Ovos
coloridos enfeitam os supermercados, as lojas de departamentos e até
as pequenas barracas de confeitos nas portas dos colégios. As
crianças ficam loucas para receberem e devorarem de uma só
sentada esses chocolates que encantam os olhos da meninada de hoje.
Quando eu era menina não havia nada disso. Doce na semana santa
era até proibido. A criançada participava dos eventos
da matriz e sabia exatamente o que representava a palavra Páscoa.

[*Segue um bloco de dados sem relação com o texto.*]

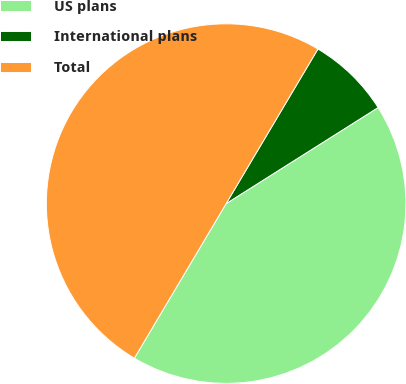Convert chart to OTSL. <chart><loc_0><loc_0><loc_500><loc_500><pie_chart><fcel>US plans<fcel>International plans<fcel>Total<nl><fcel>42.5%<fcel>7.5%<fcel>50.0%<nl></chart> 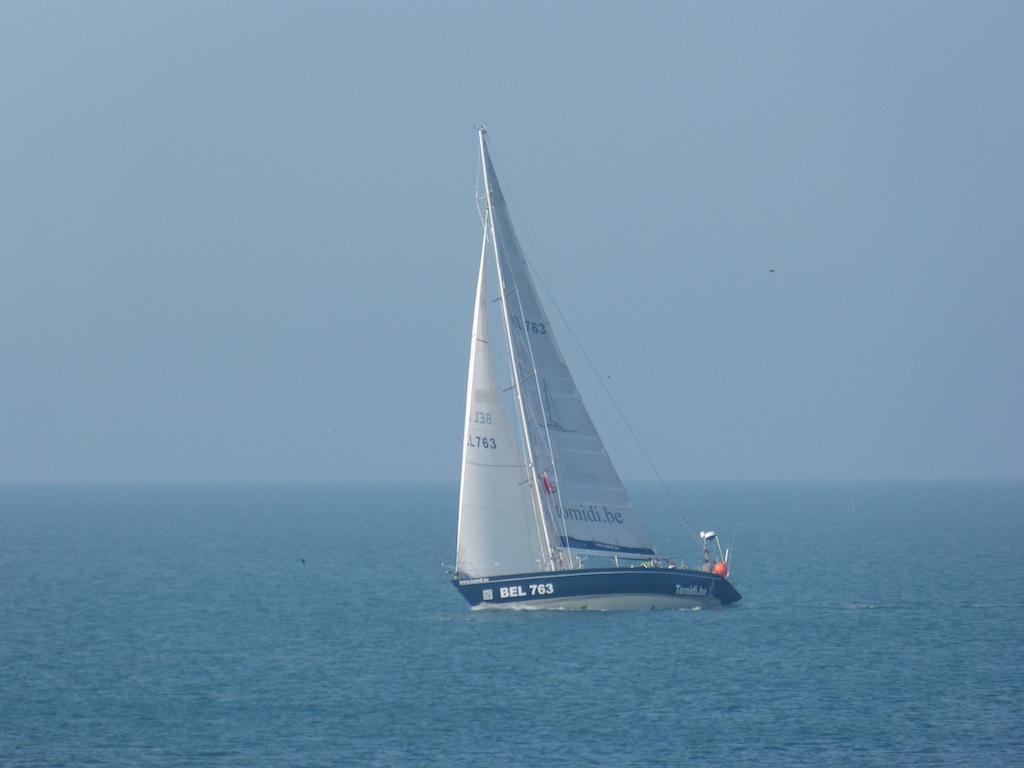Could you give a brief overview of what you see in this image? In the center of the image we can see a boat on the water. In the background there is sky. 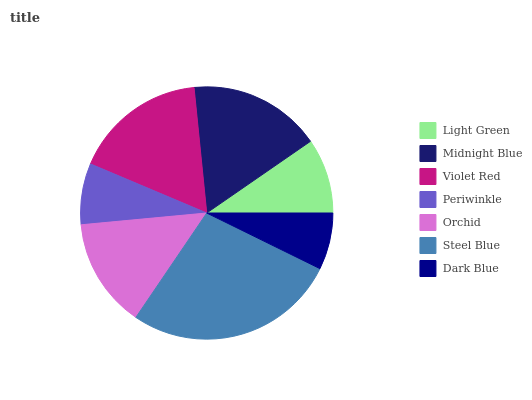Is Dark Blue the minimum?
Answer yes or no. Yes. Is Steel Blue the maximum?
Answer yes or no. Yes. Is Midnight Blue the minimum?
Answer yes or no. No. Is Midnight Blue the maximum?
Answer yes or no. No. Is Midnight Blue greater than Light Green?
Answer yes or no. Yes. Is Light Green less than Midnight Blue?
Answer yes or no. Yes. Is Light Green greater than Midnight Blue?
Answer yes or no. No. Is Midnight Blue less than Light Green?
Answer yes or no. No. Is Orchid the high median?
Answer yes or no. Yes. Is Orchid the low median?
Answer yes or no. Yes. Is Periwinkle the high median?
Answer yes or no. No. Is Violet Red the low median?
Answer yes or no. No. 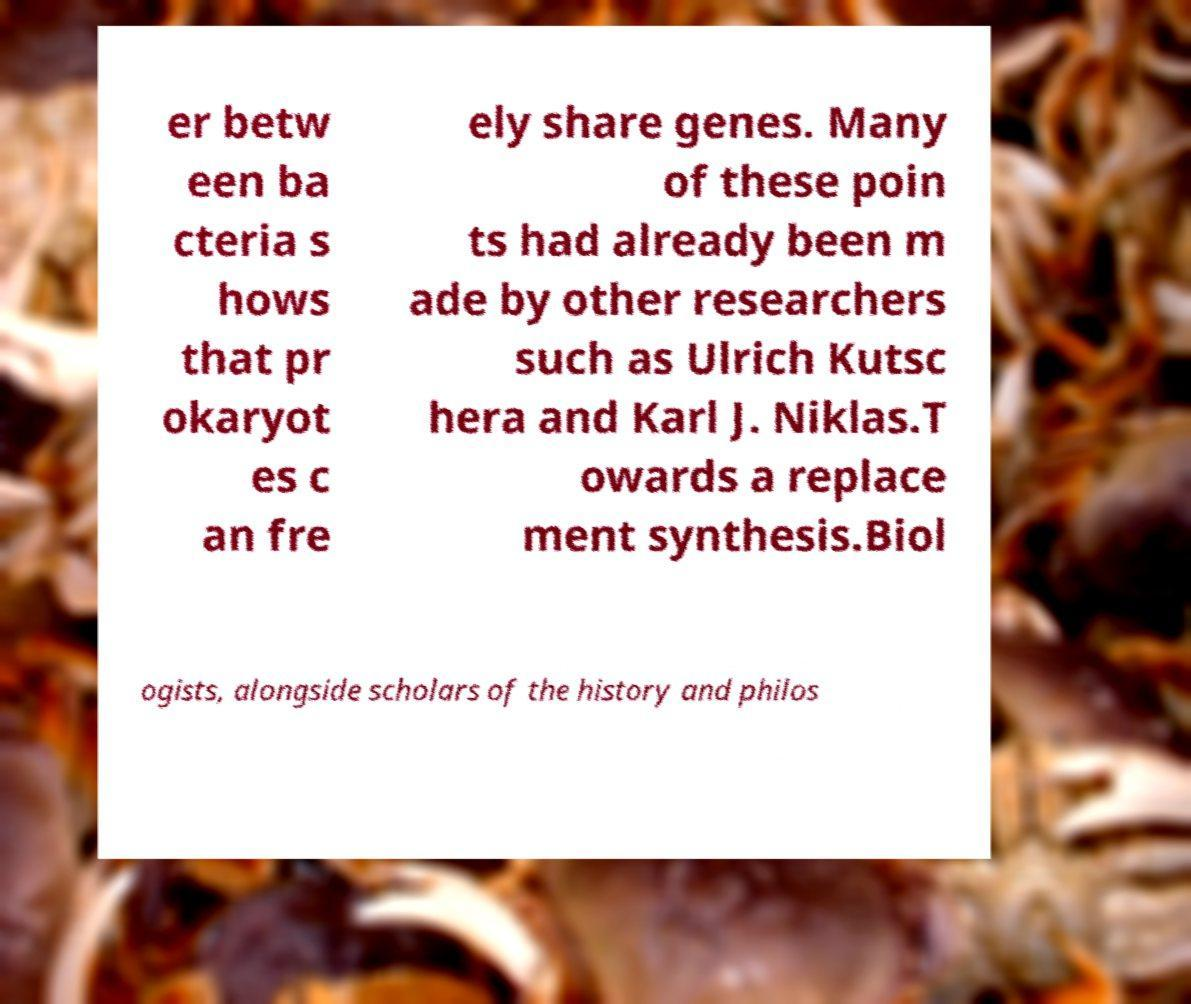There's text embedded in this image that I need extracted. Can you transcribe it verbatim? er betw een ba cteria s hows that pr okaryot es c an fre ely share genes. Many of these poin ts had already been m ade by other researchers such as Ulrich Kutsc hera and Karl J. Niklas.T owards a replace ment synthesis.Biol ogists, alongside scholars of the history and philos 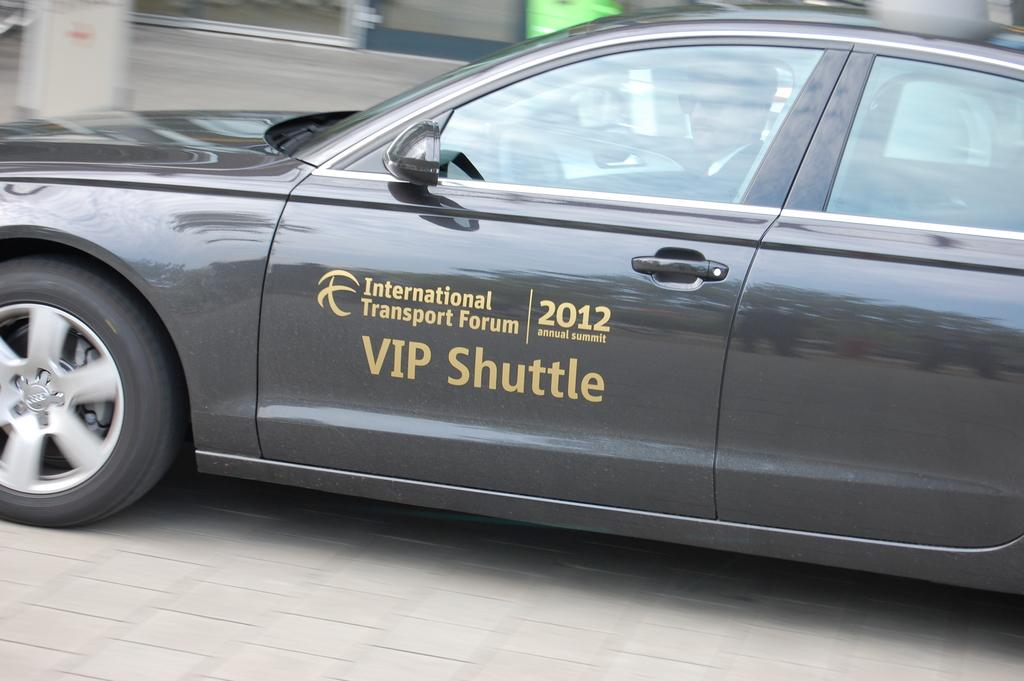What is the color of the vehicle in the image? The vehicle in the image is gray. Are there any other notable features on the vehicle? Yes, there are golden color texts on the vehicle. Where is the vehicle located in the image? The vehicle is on the road. Can you describe the background of the image? The background of the image is blurred. What is the tendency of the silver object in the image? There is no silver object present in the image. What type of punishment is being given to the person in the vehicle in the image? There is no indication of any punishment being given to the person in the vehicle in the image. 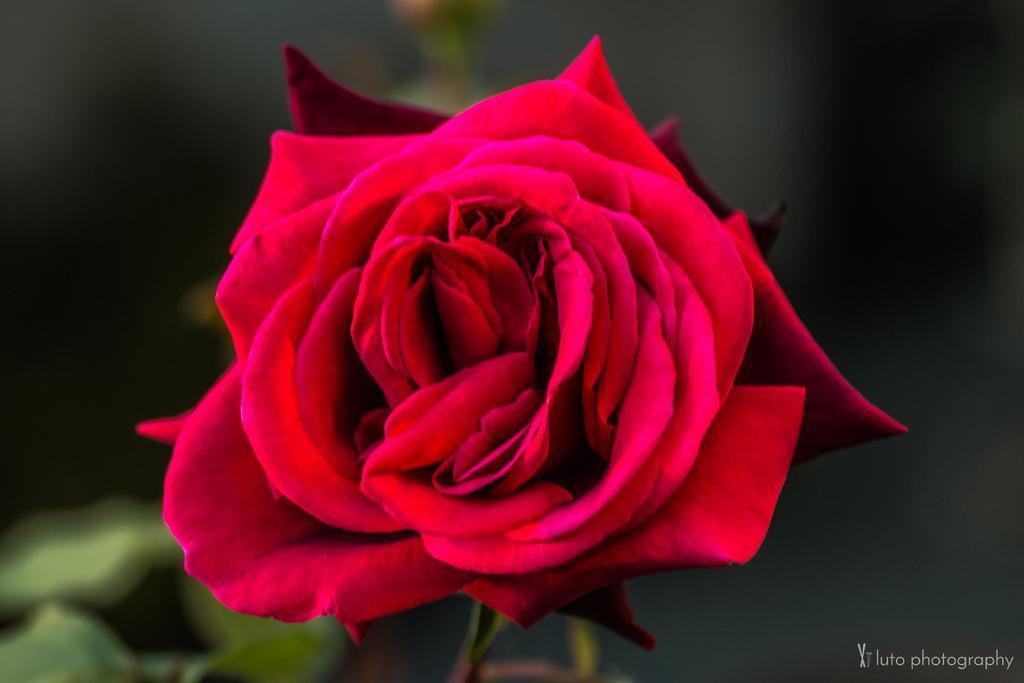Please provide a concise description of this image. In the picture I can see a red color flower. The background of the image is blurred. On the bottom right corner of the image I can see a watermark. 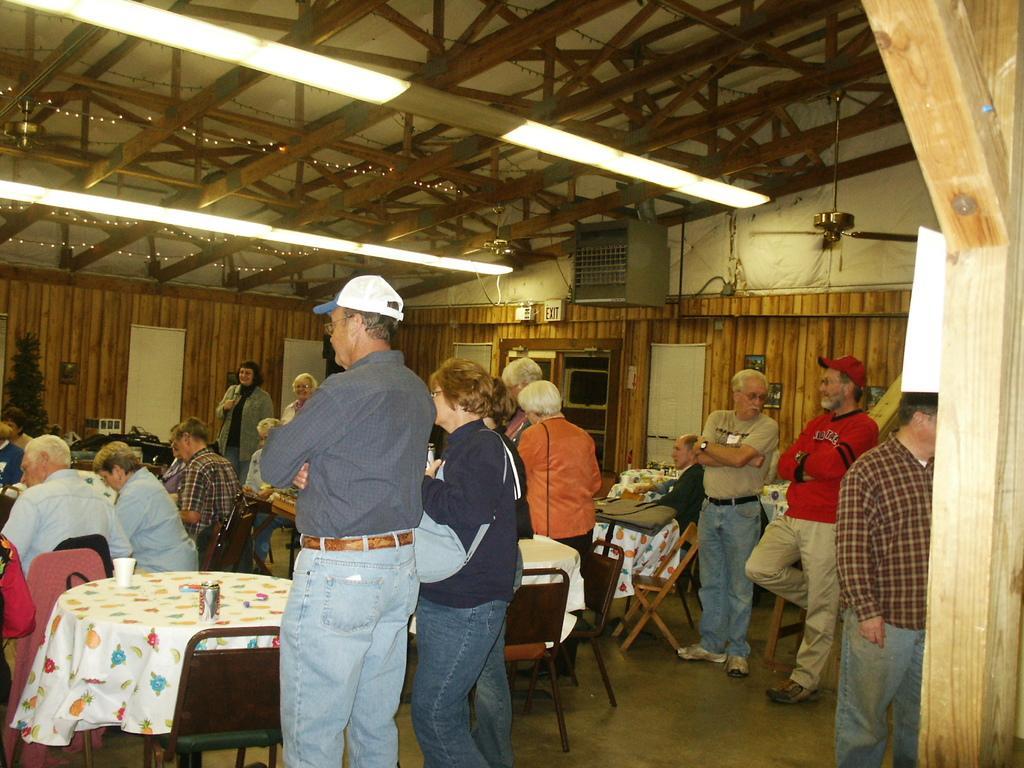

A programação da quaresma, bem extensa trazia uma reflexão
do significado da época. Cada semana o sermão representava
uma passagem bíblica, o catecismo, nas tardes de domingo, era
imperdível e saber exatamente cada símbolo colocado no
altar na semana santa era obrigatório. Muitas eram as perguntas:
- Porque se cobrem os santos da igreja de roxo? E a matraca? Se f mais
bonito os sinos tocam mais bonito? E aquela música tocada pelo
sax de Prof. Zé Puluca? Talvez a única oportunidade que
muita gente tinha de ouvir uma música clássica, mesmo
que fosse a macha fúnebre.
Mas hoje tudo é diferente. A tecnologia tomou conta das famílias
e já temos até babá eletrônica vigiando o
sono de nossas crianças. Os pais ensinam muito pouco aos filhos,
“pois a escola é quem deve passar essas informações”,
afinal eles pagam muito dinheiro e eles, os professores, precisam fazer
alguma coisa, se não informam sobre religião, é
porque não tem tanta importância assim... Afinal no vestibular
eles não respondem nenhuma questão desse tipo!
E as crianças crescem, tornam-se jovens, depois adultos e assim
por diante... Sem saber afinal qual o verdadeiro símbolo da páscoa
e o seu significado.
Mas o coelhinho que bota ovos de chocolate povoa o imaginário
infantil está lá e desvirtua a concepção
religiosa do fato.
- Que geração estaremos formando com essa inversão
de conceitos e valores?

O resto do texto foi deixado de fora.